(Stored records)
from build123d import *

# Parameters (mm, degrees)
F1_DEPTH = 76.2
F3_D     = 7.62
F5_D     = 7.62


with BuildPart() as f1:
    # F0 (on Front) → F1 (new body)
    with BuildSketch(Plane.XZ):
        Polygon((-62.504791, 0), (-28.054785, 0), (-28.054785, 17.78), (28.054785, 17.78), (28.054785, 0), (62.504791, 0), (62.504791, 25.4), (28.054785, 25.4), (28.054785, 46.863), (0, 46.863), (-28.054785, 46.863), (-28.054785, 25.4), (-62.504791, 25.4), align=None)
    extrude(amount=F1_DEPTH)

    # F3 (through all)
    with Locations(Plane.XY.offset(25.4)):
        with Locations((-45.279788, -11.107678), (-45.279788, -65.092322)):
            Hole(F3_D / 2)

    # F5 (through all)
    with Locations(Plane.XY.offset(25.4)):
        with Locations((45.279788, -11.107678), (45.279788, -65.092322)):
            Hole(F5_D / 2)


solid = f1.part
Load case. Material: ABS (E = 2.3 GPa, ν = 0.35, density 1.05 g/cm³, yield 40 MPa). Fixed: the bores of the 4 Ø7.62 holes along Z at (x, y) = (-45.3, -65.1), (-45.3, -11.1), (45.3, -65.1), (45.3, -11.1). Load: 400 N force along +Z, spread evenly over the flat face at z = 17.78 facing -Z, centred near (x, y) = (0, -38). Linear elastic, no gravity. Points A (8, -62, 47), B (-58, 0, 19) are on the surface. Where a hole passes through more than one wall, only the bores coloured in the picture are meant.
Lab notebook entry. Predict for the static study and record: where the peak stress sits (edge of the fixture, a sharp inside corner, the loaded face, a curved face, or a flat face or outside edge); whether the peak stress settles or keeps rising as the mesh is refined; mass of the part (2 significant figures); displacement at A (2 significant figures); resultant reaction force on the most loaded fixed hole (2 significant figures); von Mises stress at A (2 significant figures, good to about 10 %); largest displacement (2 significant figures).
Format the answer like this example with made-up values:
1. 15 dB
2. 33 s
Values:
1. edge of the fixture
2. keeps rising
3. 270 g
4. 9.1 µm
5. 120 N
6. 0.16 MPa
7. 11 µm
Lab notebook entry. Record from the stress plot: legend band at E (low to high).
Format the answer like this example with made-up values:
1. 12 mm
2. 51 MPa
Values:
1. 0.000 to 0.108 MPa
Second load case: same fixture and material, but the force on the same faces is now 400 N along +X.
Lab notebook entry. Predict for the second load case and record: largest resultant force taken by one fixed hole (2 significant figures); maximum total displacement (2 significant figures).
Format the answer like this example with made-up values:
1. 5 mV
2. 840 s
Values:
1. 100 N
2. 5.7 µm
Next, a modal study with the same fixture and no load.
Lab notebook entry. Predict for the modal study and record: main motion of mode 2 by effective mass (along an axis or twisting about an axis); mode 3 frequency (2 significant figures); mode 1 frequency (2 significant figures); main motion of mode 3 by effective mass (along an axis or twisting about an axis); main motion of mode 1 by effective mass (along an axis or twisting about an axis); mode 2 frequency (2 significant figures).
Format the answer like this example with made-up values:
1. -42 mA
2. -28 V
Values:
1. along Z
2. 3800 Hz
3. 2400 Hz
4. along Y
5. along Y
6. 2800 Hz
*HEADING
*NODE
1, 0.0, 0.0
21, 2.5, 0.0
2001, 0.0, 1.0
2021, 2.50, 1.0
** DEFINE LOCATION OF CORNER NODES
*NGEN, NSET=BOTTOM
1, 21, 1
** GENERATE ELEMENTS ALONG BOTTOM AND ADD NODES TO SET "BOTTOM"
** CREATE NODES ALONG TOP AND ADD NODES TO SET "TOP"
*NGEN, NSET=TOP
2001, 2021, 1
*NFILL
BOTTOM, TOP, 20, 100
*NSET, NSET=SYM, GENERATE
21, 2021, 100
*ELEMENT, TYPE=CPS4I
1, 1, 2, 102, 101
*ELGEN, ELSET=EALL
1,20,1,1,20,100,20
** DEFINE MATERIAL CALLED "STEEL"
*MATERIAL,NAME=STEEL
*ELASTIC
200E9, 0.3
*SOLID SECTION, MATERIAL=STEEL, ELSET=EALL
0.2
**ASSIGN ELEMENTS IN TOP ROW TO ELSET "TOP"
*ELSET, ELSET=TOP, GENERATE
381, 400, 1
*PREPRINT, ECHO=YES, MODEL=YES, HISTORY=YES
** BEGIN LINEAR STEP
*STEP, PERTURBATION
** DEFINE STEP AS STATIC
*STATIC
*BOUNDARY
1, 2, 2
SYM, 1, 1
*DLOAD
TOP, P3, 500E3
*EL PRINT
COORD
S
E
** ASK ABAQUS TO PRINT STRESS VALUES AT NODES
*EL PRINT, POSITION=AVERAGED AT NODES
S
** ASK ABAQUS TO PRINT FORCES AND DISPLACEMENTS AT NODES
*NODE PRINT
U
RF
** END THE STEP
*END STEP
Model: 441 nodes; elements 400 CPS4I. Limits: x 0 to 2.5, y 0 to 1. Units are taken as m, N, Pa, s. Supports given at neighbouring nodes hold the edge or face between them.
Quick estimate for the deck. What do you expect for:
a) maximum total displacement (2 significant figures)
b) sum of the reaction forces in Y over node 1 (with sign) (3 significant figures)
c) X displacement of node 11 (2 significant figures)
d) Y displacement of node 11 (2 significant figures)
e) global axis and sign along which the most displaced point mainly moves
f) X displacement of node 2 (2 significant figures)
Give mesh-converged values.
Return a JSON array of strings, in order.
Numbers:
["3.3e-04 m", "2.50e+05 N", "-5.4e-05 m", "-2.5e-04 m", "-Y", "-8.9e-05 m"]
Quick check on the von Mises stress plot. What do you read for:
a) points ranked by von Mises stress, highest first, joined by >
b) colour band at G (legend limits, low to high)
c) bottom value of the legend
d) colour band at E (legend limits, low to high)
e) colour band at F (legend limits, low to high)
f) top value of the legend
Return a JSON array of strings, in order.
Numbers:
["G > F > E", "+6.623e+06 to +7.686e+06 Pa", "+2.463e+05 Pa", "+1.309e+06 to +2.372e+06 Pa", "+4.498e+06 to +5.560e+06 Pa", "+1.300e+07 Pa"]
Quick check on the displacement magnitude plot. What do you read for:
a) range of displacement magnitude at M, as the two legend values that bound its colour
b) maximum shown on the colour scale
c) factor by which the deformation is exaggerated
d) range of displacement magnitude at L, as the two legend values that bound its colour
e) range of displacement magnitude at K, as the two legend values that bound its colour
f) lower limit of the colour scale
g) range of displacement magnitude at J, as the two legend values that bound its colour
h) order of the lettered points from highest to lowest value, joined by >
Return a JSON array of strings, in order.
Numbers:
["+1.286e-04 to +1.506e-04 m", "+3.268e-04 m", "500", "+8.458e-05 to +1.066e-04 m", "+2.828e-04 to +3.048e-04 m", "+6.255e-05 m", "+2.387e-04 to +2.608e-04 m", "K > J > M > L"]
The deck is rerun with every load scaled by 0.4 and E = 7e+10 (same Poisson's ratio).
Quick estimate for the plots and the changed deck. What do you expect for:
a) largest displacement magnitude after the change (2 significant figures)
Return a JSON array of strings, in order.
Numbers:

__WHAT THE TASK REQUIRES__. Retype all the data. Nothing may be left out or altered.

__ANSWER SPACE__.
from build123d import *

# Parameters (mm, degrees)
F1_DEPTH = 76.2
F3_D     = 7.62
F5_D     = 7.62


with BuildPart() as f1:
    # F0 (on Front) → F1 (new body)
    with BuildSketch(Plane.XZ):
        Polygon((-62.504791, 0), (-28.054785, 0), (-28.054785, 17.78), (28.054785, 17.78), (28.054785, 0), (62.504791, 0), (62.504791, 25.4), (28.054785, 25.4), (28.054785, 46.863), (0, 46.863), (-28.054785, 46.863), (-28.054785, 25.4), (-62.504791, 25.4), align=None)
    extrude(amount=F1_DEPTH)

    # F3 (through all)
    with Locations(Plane.XY.offset(25.4)):
        with Locations((-45.279788, -11.107678), (-45.279788, -65.092322)):
            Hole(F3_D / 2)

    # F5 (through all)
    with Locations(Plane.XY.offset(25.4)):
        with Locations((45.279788, -11.107678), (45.279788, -65.092322)):
            Hole(F5_D / 2)


solid = f1.part
Load case. Material: ABS (E = 2.3 GPa, ν = 0.35, density 1.05 g/cm³, yield 40 MPa). Fixed: the bores of the 4 Ø7.62 holes along Z at (x, y) = (-45.3, -65.1), (-45.3, -11.1), (45.3, -65.1), (45.3, -11.1). Load: 400 N force along +Z, spread evenly over the flat face at z = 17.78 facing -Z, centred near (x, y) = (0, -38). Linear elastic, no gravity. Points A (8, -62, 47), B (-58, 0, 19) are on the surface. Where a hole passes through more than one wall, only the bores coloured in the picture are meant.
Lab notebook entry. Predict for the static study and record: where the peak stress sits (edge of the fixture, a sharp inside corner, the loaded face, a curved face, or a flat face or outside edge); whether the peak stress settles or keeps rising as the mesh is refined; mass of the part (2 significant figures); displacement at A (2 significant figures); resultant reaction force on the most loaded fixed hole (2 significant figures); von Mises stress at A (2 significant figures, good to about 10 %); largest displacement (2 significant figures).
Format the answer like this example with made-up values:
1. 15 dB
2. 33 s
Values:
1. edge of the fixture
2. keeps rising
3. 270 g
4. 9.1 µm
5. 120 N
6. 0.16 MPa
7. 11 µm
Lab notebook entry. Record from the stress plot: legend band at E (low to high).
Format the answer like this example with made-up values:
1. 12 mm
2. 51 MPa
Values:
1. 0.000 to 0.108 MPa
Second load case: same fixture and material, but the force on the same faces is now 400 N along +X.
Lab notebook entry. Predict for the second load case and record: largest resultant force taken by one fixed hole (2 significant figures); maximum total displacement (2 significant figures).
Format the answer like this example with made-up values:
1. 5 mV
2. 840 s
Values:
1. 100 N
2. 5.7 µm
Next, a modal study with the same fixture and no load.
Lab notebook entry. Predict for the modal study and record: main motion of mode 2 by effective mass (along an axis or twisting about an axis); mode 3 frequency (2 significant figures); mode 1 frequency (2 significant figures); main motion of mode 3 by effective mass (along an axis or twisting about an axis); main motion of mode 1 by effective mass (along an axis or twisting about an axis); mode 2 frequency (2 significant figures).
Format the answer like this example with made-up values:
1. -42 mA
2. -28 V
Values:
1. along Z
2. 3800 Hz
3. 2400 Hz
4. along Y
5. along Y
6. 2800 Hz
*HEADING
*NODE
1, 0.0, 0.0
21, 2.5, 0.0
2001, 0.0, 1.0
2021, 2.50, 1.0
** DEFINE LOCATION OF CORNER NODES
*NGEN, NSET=BOTTOM
1, 21, 1
** GENERATE ELEMENTS ALONG BOTTOM AND ADD NODES TO SET "BOTTOM"
** CREATE NODES ALONG TOP AND ADD NODES TO SET "TOP"
*NGEN, NSET=TOP
2001, 2021, 1
*NFILL
BOTTOM, TOP, 20, 100
*NSET, NSET=SYM, GENERATE
21, 2021, 100
*ELEMENT, TYPE=CPS4I
1, 1, 2, 102, 101
*ELGEN, ELSET=EALL
1,20,1,1,20,100,20
** DEFINE MATERIAL CALLED "STEEL"
*MATERIAL,NAME=STEEL
*ELASTIC
200E9, 0.3
*SOLID SECTION, MATERIAL=STEEL, ELSET=EALL
0.2
**ASSIGN ELEMENTS IN TOP ROW TO ELSET "TOP"
*ELSET, ELSET=TOP, GENERATE
381, 400, 1
*PREPRINT, ECHO=YES, MODEL=YES, HISTORY=YES
** BEGIN LINEAR STEP
*STEP, PERTURBATION
** DEFINE STEP AS STATIC
*STATIC
*BOUNDARY
1, 2, 2
SYM, 1, 1
*DLOAD
TOP, P3, 500E3
*EL PRINT
COORD
S
E
** ASK ABAQUS TO PRINT STRESS VALUES AT NODES
*EL PRINT, POSITION=AVERAGED AT NODES
S
** ASK ABAQUS TO PRINT FORCES AND DISPLACEMENTS AT NODES
*NODE PRINT
U
RF
** END THE STEP
*END STEP
Model: 441 nodes; elements 400 CPS4I. Limits: x 0 to 2.5, y 0 to 1. Units are taken as m, N, Pa, s. Supports given at neighbouring nodes hold the edge or face between them.
Quick estimate for the deck. What do you expect for:
a) maximum total displacement (2 significant figures)
b) sum of the reaction forces in Y over node 1 (with sign) (3 significant figures)
c) X displacement of node 11 (2 significant figures)
d) Y displacement of node 11 (2 significant figures)
e) global axis and sign along which the most displaced point mainly moves
f) X displacement of node 2 (2 significant figures)
Give mesh-converged values.
Return a JSON array of strings, in order.
Numbers:
["3.3e-04 m", "2.50e+05 N", "-5.4e-05 m", "-2.5e-04 m", "-Y", "-8.9e-05 m"]
Quick check on the von Mises stress plot. What do you read for:
a) points ranked by von Mises stress, highest first, joined by >
b) colour band at G (legend limits, low to high)
c) bottom value of the legend
d) colour band at E (legend limits, low to high)
e) colour band at F (legend limits, low to high)
f) top value of the legend
Return a JSON array of strings, in order.
Numbers:
["G > F > E", "+6.623e+06 to +7.686e+06 Pa", "+2.463e+05 Pa", "+1.309e+06 to +2.372e+06 Pa", "+4.498e+06 to +5.560e+06 Pa", "+1.300e+07 Pa"]
Quick check on the displacement magnitude plot. What do you read for:
a) range of displacement magnitude at M, as the two legend values that bound its colour
b) maximum shown on the colour scale
c) factor by which the deformation is exaggerated
d) range of displacement magnitude at L, as the two legend values that bound its colour
e) range of displacement magnitude at K, as the two legend values that bound its colour
f) lower limit of the colour scale
g) range of displacement magnitude at J, as the two legend values that bound its colour
h) order of the lettered points from highest to lowest value, joined by >
Return a JSON array of strings, in order.
Numbers:
["+1.286e-04 to +1.506e-04 m", "+3.268e-04 m", "500", "+8.458e-05 to +1.066e-04 m", "+2.828e-04 to +3.048e-04 m", "+6.255e-05 m", "+2.387e-04 to +2.608e-04 m", "K > J > M > L"]
The deck is rerun with every load scaled by 0.4 and E = 7e+10 (same Poisson's ratio).
Quick estimate for the plots and the changed deck. What do you expect for:
a) largest displacement magnitude after the change (2 significant figures)
Return a JSON array of strings, in order.
Numbers:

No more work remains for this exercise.